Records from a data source
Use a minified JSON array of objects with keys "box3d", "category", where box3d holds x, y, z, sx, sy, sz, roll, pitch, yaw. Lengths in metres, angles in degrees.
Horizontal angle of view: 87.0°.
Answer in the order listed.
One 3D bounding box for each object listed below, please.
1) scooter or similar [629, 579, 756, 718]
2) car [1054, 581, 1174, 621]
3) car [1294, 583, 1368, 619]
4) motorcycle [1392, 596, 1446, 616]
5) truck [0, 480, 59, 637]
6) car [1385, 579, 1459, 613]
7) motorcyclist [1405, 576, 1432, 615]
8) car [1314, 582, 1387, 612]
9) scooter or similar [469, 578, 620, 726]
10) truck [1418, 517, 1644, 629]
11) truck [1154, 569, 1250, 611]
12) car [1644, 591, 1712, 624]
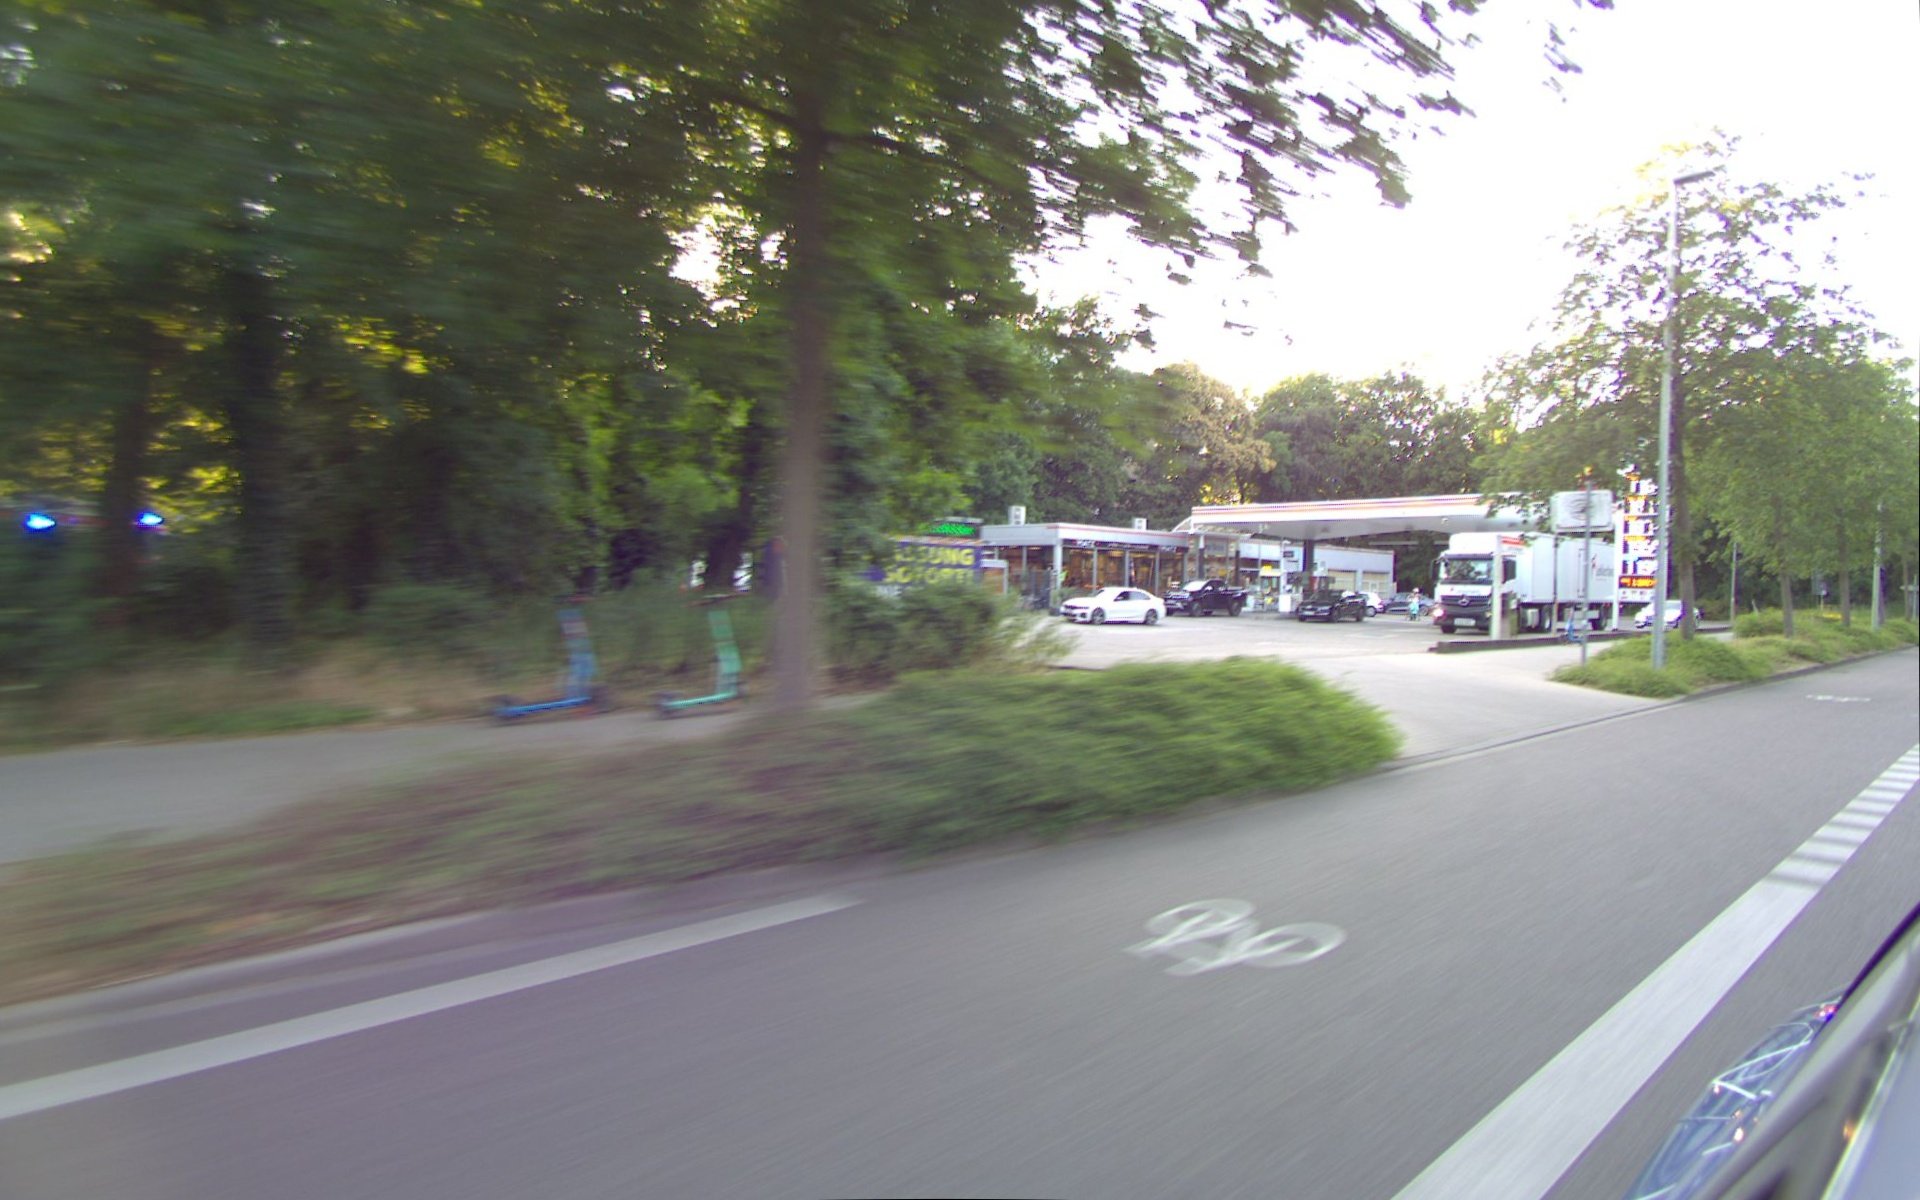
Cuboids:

# [WHAT TO WORK ON]
Repeat only the lines from the line with "4) motorcycle [1392, 596, 1446, 616]" to the end of the entries, including both the first and the last line, and drop every picture.

# [RESPONSE TO THIS EXERCISE]
4) motorcycle [1392, 596, 1446, 616]
5) truck [0, 480, 59, 637]
6) car [1385, 579, 1459, 613]
7) motorcyclist [1405, 576, 1432, 615]
8) car [1314, 582, 1387, 612]
9) scooter or similar [469, 578, 620, 726]
10) truck [1418, 517, 1644, 629]
11) truck [1154, 569, 1250, 611]
12) car [1644, 591, 1712, 624]
Cuboids:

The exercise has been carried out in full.